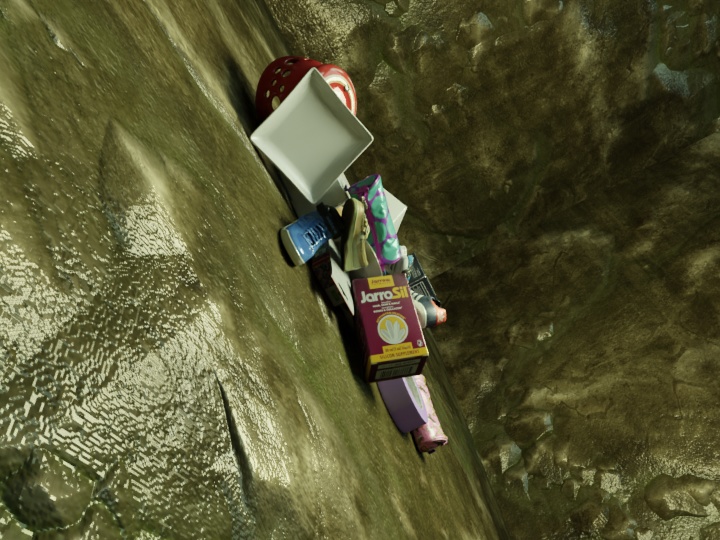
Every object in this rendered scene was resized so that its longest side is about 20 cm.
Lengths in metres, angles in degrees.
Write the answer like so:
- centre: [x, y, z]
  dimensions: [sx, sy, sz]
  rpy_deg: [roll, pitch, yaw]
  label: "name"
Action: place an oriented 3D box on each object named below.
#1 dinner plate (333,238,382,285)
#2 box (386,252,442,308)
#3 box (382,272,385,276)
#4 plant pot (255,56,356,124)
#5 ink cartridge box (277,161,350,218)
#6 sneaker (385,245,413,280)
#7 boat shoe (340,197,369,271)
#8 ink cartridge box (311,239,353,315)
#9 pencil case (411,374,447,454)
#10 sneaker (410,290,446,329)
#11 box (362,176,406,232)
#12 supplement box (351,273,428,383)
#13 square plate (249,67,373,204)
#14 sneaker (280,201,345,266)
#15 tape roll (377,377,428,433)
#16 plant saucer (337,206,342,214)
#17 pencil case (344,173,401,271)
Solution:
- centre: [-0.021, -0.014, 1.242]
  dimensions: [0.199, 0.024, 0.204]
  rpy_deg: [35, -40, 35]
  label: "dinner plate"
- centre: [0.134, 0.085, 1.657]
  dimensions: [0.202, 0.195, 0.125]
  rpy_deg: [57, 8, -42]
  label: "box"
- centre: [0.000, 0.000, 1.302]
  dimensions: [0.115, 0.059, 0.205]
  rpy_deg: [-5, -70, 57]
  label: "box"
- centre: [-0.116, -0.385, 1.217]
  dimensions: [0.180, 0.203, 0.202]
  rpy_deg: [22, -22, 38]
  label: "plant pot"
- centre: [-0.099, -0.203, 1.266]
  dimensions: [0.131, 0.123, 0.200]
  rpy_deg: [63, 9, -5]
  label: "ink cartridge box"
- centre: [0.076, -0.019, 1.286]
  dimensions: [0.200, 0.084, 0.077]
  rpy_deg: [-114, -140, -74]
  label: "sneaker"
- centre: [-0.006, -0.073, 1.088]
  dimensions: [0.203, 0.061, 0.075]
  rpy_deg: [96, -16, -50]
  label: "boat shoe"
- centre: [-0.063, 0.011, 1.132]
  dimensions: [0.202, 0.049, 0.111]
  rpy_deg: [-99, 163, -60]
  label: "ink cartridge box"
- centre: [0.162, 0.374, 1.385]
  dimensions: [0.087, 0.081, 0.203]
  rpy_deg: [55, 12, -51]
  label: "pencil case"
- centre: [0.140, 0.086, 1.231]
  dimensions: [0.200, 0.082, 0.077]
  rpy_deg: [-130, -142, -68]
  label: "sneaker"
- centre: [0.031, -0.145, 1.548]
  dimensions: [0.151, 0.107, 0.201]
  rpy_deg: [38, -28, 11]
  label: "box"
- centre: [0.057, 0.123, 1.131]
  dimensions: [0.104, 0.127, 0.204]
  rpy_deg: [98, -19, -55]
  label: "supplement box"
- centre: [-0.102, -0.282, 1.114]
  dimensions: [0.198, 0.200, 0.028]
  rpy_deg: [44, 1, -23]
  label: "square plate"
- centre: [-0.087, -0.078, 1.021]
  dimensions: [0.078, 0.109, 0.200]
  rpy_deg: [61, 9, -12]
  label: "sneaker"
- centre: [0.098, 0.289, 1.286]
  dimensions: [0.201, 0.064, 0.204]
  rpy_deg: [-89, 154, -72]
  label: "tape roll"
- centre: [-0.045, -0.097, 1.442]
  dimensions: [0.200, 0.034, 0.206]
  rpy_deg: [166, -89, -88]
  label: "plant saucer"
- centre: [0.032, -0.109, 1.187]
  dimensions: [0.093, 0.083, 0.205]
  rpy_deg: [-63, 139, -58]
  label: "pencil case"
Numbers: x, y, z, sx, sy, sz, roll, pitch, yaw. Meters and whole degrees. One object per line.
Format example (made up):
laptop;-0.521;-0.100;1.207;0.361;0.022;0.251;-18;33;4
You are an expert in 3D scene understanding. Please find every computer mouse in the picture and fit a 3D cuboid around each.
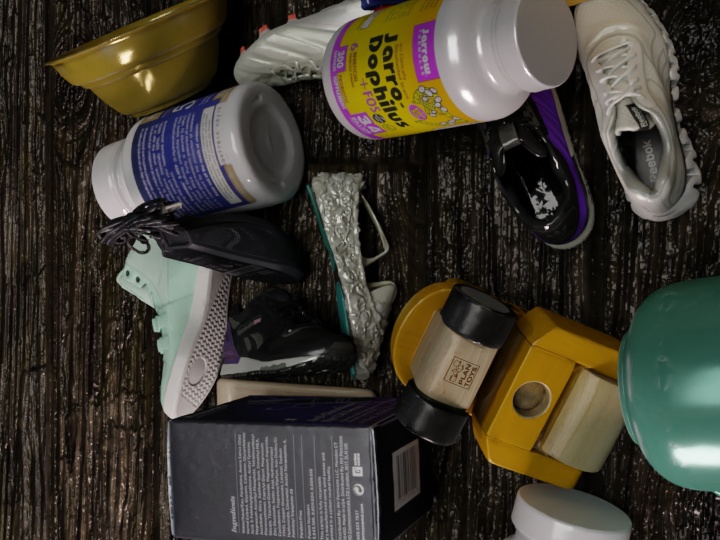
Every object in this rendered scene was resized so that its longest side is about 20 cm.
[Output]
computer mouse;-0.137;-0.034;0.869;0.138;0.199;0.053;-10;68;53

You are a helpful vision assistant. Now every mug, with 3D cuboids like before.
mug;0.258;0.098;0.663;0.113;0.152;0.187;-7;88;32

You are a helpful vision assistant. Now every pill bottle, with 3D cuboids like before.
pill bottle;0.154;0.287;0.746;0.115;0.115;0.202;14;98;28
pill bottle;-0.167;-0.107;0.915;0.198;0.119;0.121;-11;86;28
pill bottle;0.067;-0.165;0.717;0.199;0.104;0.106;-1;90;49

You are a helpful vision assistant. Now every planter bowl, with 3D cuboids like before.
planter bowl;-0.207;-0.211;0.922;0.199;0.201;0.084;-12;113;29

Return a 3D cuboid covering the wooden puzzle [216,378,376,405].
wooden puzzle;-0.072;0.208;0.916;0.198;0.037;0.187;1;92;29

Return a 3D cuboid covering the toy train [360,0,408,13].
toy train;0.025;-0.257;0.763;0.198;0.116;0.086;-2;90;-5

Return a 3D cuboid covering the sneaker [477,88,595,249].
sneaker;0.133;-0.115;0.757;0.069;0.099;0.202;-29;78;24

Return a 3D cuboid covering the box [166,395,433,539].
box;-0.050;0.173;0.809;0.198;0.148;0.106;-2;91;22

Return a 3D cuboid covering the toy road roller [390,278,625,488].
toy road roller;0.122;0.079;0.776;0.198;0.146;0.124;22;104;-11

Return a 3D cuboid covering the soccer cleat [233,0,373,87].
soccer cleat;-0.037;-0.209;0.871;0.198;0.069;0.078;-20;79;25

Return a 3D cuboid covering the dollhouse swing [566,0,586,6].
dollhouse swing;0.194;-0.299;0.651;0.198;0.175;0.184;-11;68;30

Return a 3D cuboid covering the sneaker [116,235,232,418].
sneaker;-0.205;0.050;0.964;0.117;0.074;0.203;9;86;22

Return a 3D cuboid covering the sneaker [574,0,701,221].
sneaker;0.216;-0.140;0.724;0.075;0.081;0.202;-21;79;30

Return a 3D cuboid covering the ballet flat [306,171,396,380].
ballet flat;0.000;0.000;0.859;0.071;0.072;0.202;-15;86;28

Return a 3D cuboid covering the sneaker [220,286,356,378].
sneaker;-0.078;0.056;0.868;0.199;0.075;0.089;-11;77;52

+ + + + +

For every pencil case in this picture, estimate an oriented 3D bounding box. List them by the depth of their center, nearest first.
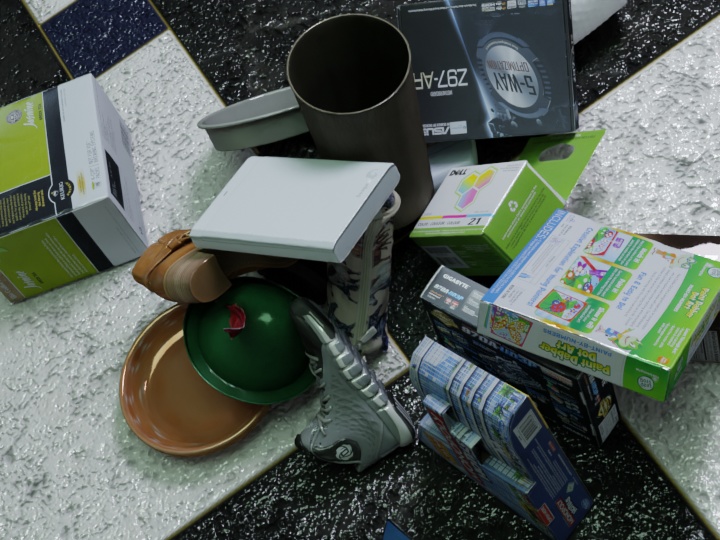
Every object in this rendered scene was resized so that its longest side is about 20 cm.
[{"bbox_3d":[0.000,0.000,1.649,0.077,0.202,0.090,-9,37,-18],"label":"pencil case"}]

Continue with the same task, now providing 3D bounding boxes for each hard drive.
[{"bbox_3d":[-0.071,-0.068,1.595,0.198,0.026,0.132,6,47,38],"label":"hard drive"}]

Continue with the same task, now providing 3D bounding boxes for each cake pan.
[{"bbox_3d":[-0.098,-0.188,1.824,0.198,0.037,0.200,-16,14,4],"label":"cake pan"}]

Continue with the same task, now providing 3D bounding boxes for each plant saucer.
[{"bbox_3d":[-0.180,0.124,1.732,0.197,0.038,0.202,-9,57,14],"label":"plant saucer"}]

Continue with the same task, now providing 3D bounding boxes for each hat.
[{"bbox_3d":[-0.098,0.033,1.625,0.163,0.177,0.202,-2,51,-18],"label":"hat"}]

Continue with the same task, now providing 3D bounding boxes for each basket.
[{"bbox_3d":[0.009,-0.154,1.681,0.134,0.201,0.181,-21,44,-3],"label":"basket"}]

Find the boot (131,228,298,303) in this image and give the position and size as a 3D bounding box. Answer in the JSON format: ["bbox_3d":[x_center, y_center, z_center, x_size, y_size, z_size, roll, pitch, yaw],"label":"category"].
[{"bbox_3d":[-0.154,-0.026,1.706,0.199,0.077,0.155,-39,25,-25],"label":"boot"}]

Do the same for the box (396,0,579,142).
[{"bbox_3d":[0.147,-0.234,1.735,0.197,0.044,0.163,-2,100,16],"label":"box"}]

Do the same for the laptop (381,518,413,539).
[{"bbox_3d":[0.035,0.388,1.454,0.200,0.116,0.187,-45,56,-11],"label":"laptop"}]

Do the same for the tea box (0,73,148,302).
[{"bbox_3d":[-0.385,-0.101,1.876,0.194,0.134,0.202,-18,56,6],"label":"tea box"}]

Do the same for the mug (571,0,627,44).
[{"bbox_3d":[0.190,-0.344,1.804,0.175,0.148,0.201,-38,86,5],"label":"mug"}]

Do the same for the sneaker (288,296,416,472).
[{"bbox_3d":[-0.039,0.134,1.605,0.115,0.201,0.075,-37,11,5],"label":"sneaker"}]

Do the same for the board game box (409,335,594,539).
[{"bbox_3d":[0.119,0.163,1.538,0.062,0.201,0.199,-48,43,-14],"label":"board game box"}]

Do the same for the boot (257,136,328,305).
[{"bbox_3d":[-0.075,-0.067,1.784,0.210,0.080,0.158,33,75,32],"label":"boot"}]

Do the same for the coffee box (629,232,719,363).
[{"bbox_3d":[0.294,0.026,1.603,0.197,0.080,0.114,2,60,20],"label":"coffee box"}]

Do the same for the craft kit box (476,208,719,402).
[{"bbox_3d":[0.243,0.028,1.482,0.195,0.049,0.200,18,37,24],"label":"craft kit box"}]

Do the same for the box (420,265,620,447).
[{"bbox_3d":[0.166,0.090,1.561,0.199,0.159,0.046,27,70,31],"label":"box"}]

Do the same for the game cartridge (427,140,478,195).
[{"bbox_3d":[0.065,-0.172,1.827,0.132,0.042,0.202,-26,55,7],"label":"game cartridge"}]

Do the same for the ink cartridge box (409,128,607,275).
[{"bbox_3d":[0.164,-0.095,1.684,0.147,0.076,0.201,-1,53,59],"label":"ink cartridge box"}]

+ + + + +

Your instructions: Please copy out each line of the material that holds the string "degrees".

Written reply:
Lengths in metres, angles in degrees.
Numbers: x, y, z, sx, sy, sz, roll, pitch, yaw. Meters and whole degrees. One object per line.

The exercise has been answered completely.